I believe everyone will look for information on the Internet before buying a house , Look at the market , Ask a friend , Let's have a steak today 《 HOME LINK second-hand house 》 The data of :
Open the chain home official website , Enter the second-hand house page , Select a city , You can see the total number of houses in the city and the list data of houses .
The data of some websites is stored in html in , And some are api Interface , Even some encryption in js in , Fortunately, the housing data of the chain family is stored in html in :
adopt requests Request page , Get every page of html data
# The crawl url, The default crawled chain home real estate information in Nanjing
url = 'https://nj.lianjia.com/ershoufang/pg{}/'.format(page)
# request url
resp = requests.get(url, headers=headers, timeout=10)

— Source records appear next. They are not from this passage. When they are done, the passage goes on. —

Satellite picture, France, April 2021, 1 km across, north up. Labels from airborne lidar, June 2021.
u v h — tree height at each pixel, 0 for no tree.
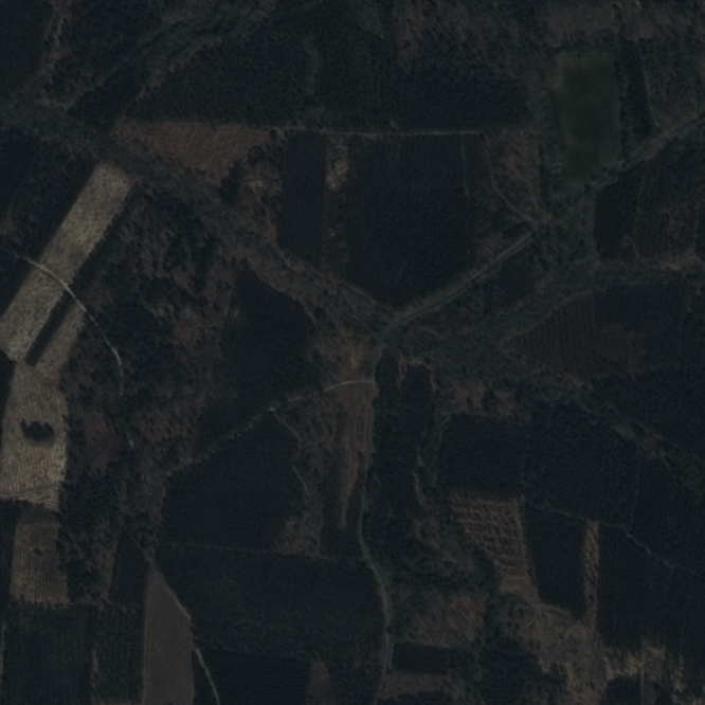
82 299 9
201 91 17
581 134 0
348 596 8
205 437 10
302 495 10
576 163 0
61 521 16
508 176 6
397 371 10
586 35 18
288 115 17
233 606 8
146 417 9
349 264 8
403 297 11
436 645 8
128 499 12
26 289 0
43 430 15
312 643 9
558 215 14
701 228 7
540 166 17
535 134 11
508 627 10
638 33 15
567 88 0
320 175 11
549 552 11
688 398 18
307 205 11
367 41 17
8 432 0
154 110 15
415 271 11
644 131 11
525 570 18
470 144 8
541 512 9
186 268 12
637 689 11
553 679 9
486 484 17
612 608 11
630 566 11
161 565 10
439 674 8
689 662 8
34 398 0
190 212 17
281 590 9
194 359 7
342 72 8
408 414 9
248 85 18
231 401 8
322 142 9
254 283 10
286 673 9
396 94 15
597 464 17
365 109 7
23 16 12
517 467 15
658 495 12
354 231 8
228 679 9
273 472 8
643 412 17
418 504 12
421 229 10
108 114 11
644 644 8
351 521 8
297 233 11
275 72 18
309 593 9
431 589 12
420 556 12
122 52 16
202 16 7
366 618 9
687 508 12
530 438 14
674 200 6
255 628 8
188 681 0
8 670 14
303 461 7
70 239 0
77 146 9
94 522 17
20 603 7
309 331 11
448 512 11
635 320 10
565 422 18
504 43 10
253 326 10
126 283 15
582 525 9
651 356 8
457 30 16
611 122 0
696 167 7
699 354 16
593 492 15
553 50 11
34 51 14
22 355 0
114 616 14
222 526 10
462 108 14
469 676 19
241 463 9
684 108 15
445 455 18
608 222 11
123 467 13
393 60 17
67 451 0
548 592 13
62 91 13
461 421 17
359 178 7
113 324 15
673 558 11
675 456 16
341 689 17
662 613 11
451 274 10
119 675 15
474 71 13
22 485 0
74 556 12
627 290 10
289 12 8
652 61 14
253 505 8
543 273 8
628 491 16
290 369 9
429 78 12
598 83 0
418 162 9
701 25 12
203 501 10
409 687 6
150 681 0
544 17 15
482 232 8
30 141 10

adopt BeautifulSoup analysis html, And extract the corresponding useful data
soup = BeautifulSoup(resp.content, 'lxml')
# Filter all li label
sellListContent = soup.select('.sellListContent li.LOGCLICKDATA')
# Loop traversal
for sell in sellListContent:
# title
title = sell.select('div.title a')[0].string
# Grab all the div Information , Then extract each one
houseInfo = list(sell.select('div.houseInfo')[0].stripped_strings)
# The name of the property
loupan = houseInfo[0]
# Segment the information of the real estate
info = houseInfo[0].split('|')
# House type
house_type = info[1].strip()
# Size of area
area = info[2].strip()
# The room faces
toward = info[3].strip()
# Decoration type
renovation = info[4].strip()
# House address
positionInfo = ''.join(list(sell.select('div.positionInfo')[0].stripped_strings))
# The total price of the house
totalPrice = ''.join(list(sell.select('div.totalPrice')[0].stripped_strings))
# The unit price of the house
unitPrice = list(sell.select('div.unitPrice')[0].stripped_strings)[0]
That's what I share , If there are any deficiencies, please point out , More communication , thank you !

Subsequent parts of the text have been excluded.